Source records:
#####

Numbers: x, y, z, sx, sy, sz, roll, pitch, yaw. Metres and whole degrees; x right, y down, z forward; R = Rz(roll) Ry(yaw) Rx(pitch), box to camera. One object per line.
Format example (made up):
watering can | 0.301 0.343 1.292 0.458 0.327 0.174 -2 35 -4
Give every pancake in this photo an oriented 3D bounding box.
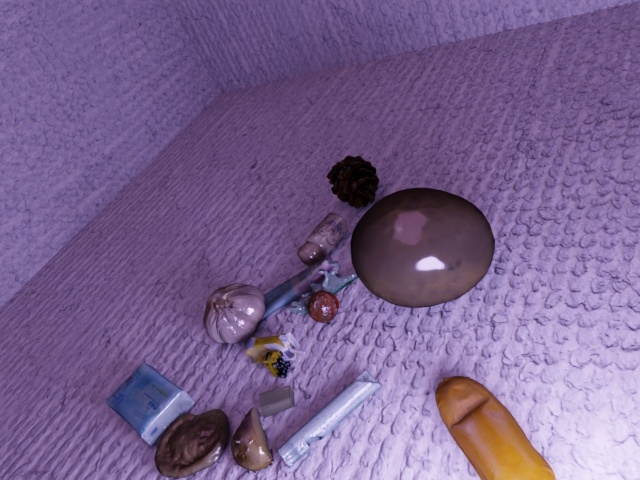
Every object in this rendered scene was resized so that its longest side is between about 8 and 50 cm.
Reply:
pancake | -0.361 0.561 1.615 0.236 0.042 0.222 -1 40 35

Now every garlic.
garlic | -0.291 0.234 1.899 0.227 0.152 0.228 -24 38 20

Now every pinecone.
pinecone | 0.128 -0.219 2.203 0.184 0.179 0.205 -34 44 33

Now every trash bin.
trash bin | -0.120 0.446 1.598 0.092 0.043 0.061 -19 34 8

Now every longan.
longan | 0.282 0.018 1.626 0.404 0.337 0.404 -9 0 0

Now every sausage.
sausage | 0.357 0.416 1.223 0.134 0.116 0.354 -41 29 7

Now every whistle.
whistle | 0.023 0.451 1.467 0.312 0.062 0.062 -39 34 -15

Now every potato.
potato | -0.197 0.512 1.498 0.100 0.089 0.172 -31 44 6

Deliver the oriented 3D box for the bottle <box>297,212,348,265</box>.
bottle | 0.000 0.000 2.059 0.110 0.097 0.209 12 50 45

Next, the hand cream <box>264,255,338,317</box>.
hand cream | -0.090 0.156 1.946 0.312 0.070 0.111 -31 36 6

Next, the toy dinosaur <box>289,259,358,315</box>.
toy dinosaur | 0.055 0.106 1.849 0.382 0.129 0.076 -31 40 -6

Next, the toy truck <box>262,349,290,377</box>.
toy truck | -0.130 0.359 1.680 0.054 0.083 0.049 -9 37 26

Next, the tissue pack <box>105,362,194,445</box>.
tissue pack | -0.532 0.498 1.785 0.263 0.089 0.177 15 54 47

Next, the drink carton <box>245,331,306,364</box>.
drink carton | -0.121 0.320 1.727 0.199 0.084 0.075 -12 35 27

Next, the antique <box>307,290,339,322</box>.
antique | 0.005 0.206 1.776 0.104 0.104 0.104 -19 34 14
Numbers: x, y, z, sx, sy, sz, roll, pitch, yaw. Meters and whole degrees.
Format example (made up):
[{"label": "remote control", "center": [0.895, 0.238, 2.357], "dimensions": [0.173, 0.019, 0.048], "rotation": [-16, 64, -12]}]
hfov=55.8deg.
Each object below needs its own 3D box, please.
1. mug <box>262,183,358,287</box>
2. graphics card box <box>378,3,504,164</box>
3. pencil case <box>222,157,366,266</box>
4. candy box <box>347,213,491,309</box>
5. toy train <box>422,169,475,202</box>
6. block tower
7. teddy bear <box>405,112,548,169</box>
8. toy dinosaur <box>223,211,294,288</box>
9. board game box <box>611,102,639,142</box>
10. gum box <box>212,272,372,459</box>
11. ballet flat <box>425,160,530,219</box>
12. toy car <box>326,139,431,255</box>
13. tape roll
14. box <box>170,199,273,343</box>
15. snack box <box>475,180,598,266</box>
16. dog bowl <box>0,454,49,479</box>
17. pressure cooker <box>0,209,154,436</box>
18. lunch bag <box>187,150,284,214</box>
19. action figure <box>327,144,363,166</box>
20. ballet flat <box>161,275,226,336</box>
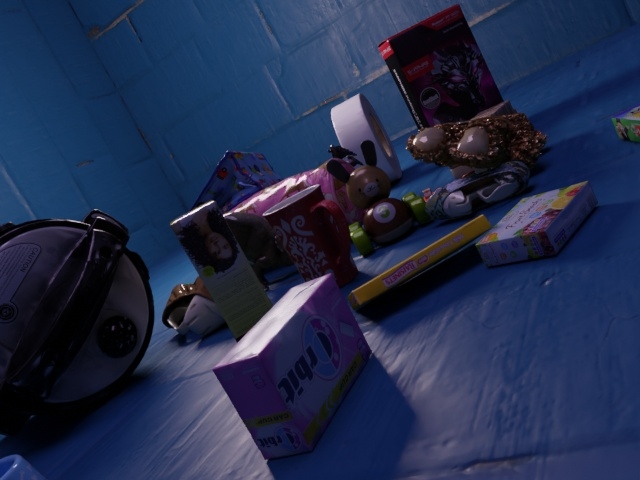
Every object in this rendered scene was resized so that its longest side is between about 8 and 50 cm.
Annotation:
[{"label": "mug", "center": [-0.009, 0.004, 1.036], "dimensions": [0.113, 0.169, 0.150], "rotation": [-29, 10, -7]}, {"label": "graphics card box", "center": [0.344, -0.419, 1.647], "dimensions": [0.232, 0.371, 0.094], "rotation": [-29, 9, -10]}, {"label": "pencil case", "center": [-0.066, -0.054, 1.430], "dimensions": [0.386, 0.167, 0.160], "rotation": [-23, 56, 34]}, {"label": "candy box", "center": [0.133, 0.033, 0.836], "dimensions": [0.205, 0.027, 0.105], "rotation": [-30, -6, -6]}, {"label": "toy train", "center": [0.264, -0.103, 1.201], "dimensions": [0.166, 0.046, 0.125], "rotation": [-24, 11, 23]}, {"label": "block tower", "center": [0.393, -0.247, 1.456], "dimensions": [0.097, 0.091, 0.335], "rotation": [-21, 11, 37]}, {"label": "teddy bear", "center": [0.304, -0.177, 1.156], "dimensions": [0.245, 0.113, 0.338], "rotation": [-1, 12, 22]}, {"label": "toy dinosaur", "center": [-0.154, 0.005, 1.323], "dimensions": [0.121, 0.313, 0.160], "rotation": [-30, -38, -82]}, {"label": "board game box", "center": [0.621, -0.229, 0.875], "dimensions": [0.317, 0.046, 0.213], "rotation": [-26, 11, 10]}, {"label": "gum box", "center": [-0.019, 0.123, 0.641], "dimensions": [0.062, 0.107, 0.188], "rotation": [-22, 12, 31]}, {"label": "ballet flat", "center": [0.266, -0.079, 1.033], "dimensions": [0.188, 0.070, 0.070], "rotation": [-27, 9, 22]}, {"label": "toy car", "center": [0.099, -0.093, 1.174], "dimensions": [0.155, 0.188, 0.149], "rotation": [-29, 10, 3]}, {"label": "tape roll", "center": [0.142, -0.294, 1.825], "dimensions": [0.100, 0.286, 0.286], "rotation": [-26, 10, 17]}, {"label": "box", "center": [-0.159, 0.053, 1.012], "dimensions": [0.087, 0.232, 0.058], "rotation": [-31, 13, -10]}, {"label": "snack box", "center": [0.277, -0.021, 0.772], "dimensions": [0.141, 0.037, 0.100], "rotation": [-36, 11, -38]}, {"label": "dog bowl", "center": [-0.470, 0.367, 0.730], "dimensions": [0.297, 0.074, 0.166], "rotation": [-29, 10, -9]}, {"label": "pressure cooker", "center": [-0.528, 0.145, 1.170], "dimensions": [0.375, 0.370, 0.420], "rotation": [-15, 0, -40]}, {"label": "lunch bag", "center": [-0.259, -0.096, 1.650], "dimensions": [0.293, 0.138, 0.221], "rotation": [-43, -7, 17]}, {"label": "action figure", "center": [0.024, -0.096, 1.555], "dimensions": [0.276, 0.140, 0.164], "rotation": [-63, 32, 17]}, {"label": "ballet flat", "center": [-0.246, 0.137, 1.237], "dimensions": [0.342, 0.116, 0.124], "rotation": [-15, 37, 54]}]
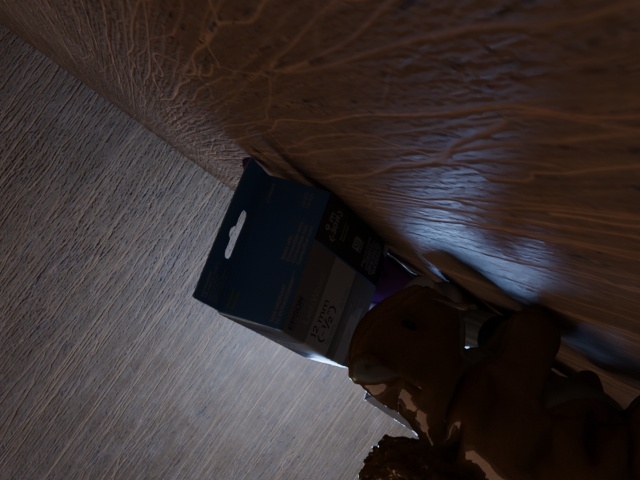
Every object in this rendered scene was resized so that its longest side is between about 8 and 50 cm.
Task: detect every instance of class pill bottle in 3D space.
[{"bbox_3d":[0.239,0.153,1.227,0.215,0.117,0.117,37,176,-27],"label":"pill bottle"}]

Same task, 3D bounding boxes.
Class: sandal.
[{"bbox_3d":[0.015,0.009,1.412,0.416,0.169,0.102,32,143,30],"label":"sandal"}]

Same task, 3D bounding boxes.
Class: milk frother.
[{"bbox_3d":[0.289,0.194,1.098,0.129,0.143,0.135,28,176,-9],"label":"milk frother"}]

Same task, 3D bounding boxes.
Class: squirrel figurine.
[{"bbox_3d":[0.183,0.258,0.892,0.371,0.396,0.281,26,-179,1],"label":"squirrel figurine"}]

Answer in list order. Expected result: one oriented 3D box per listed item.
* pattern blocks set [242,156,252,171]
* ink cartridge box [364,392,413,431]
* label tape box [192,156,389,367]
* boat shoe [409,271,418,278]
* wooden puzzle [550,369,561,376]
[{"bbox_3d":[-0.105,-0.001,1.320,0.285,0.026,0.324,-117,16,-80],"label":"pattern blocks set"},{"bbox_3d":[0.304,0.369,1.902,0.272,0.309,0.130,36,142,-11],"label":"ink cartridge box"},{"bbox_3d":[-0.032,0.050,1.163,0.115,0.249,0.348,10,162,34],"label":"label tape box"},{"bbox_3d":[0.207,0.136,1.442,0.258,0.109,0.089,35,-179,42],"label":"boat shoe"},{"bbox_3d":[0.388,0.276,1.346,0.239,0.044,0.221,30,-158,37],"label":"wooden puzzle"}]
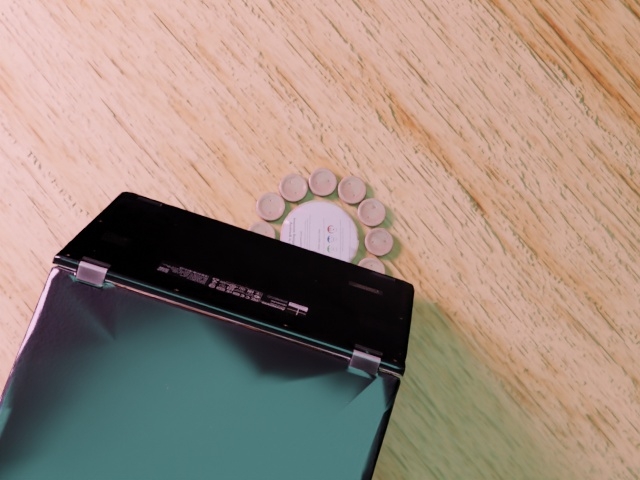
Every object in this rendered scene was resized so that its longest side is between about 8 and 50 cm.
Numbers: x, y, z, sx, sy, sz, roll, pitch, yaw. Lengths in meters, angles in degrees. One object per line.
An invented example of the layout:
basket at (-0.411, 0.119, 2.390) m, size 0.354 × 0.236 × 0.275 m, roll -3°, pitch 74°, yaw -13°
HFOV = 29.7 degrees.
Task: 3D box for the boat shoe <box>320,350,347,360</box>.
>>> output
boat shoe at (0.028, 0.153, 1.445) m, size 0.066 × 0.066 × 0.183 m, roll 26°, pitch 80°, yaw -7°

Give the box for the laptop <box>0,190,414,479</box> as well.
laptop at (-0.120, 0.158, 1.329) m, size 0.382 × 0.408 × 0.236 m, roll 18°, pitch 109°, yaw 1°

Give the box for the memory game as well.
memory game at (0.000, 0.000, 1.501) m, size 0.186 × 0.012 × 0.186 m, roll 1°, pitch 80°, yaw -5°
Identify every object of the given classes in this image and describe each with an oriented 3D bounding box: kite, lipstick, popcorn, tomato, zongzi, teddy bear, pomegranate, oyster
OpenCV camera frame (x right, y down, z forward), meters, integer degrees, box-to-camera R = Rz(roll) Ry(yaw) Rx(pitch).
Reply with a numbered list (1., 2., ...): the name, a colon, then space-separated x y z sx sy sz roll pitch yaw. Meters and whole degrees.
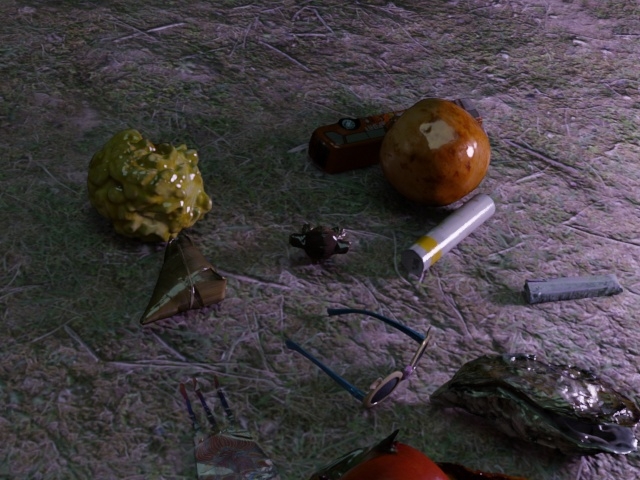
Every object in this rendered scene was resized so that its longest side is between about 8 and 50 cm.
1. kite: -0.157 0.309 1.594 0.127 0.016 0.229 -7 47 -23
2. lipstick: 0.260 -0.017 2.002 0.059 0.059 0.264 34 47 25
3. popcorn: -0.326 -0.109 1.897 0.235 0.181 0.216 2 40 -19
4. tomato: 0.072 0.394 1.364 0.256 0.256 0.224 -35 85 -39
5. zongzi: -0.277 0.072 1.789 0.176 0.078 0.160 -22 45 -26
6. teddy bear: -0.001 0.009 1.904 0.119 0.077 0.160 9 3 1
7. pomegranate: 0.230 -0.182 2.052 0.248 0.248 0.248 6 42 -5
8. oyster: 0.358 0.270 1.658 0.351 0.158 0.162 8 -1 8

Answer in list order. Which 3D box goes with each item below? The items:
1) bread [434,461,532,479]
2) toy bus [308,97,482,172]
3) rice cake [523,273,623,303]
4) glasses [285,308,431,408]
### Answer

#####

**Task details:** Reproduce, word for word and in full, only the lines above that start at the line with "Numbers: x, y, z, sx, sy, sz, roll, pitch, yaw. Meters" and run through the line with "1. mug <box>262,183,358,287</box>", both ends included.

**Solved problem:**
Numbers: x, y, z, sx, sy, sz, roll, pitch, yaw. Meters and whole degrees.
Format example (made up):
[{"label": "remote control", "center": [0.895, 0.238, 2.357], "dimensions": [0.173, 0.019, 0.048], "rotation": [-16, 64, -12]}]
hfov=55.8deg.
Each object below needs its own 3D box, please.
1. mug <box>262,183,358,287</box>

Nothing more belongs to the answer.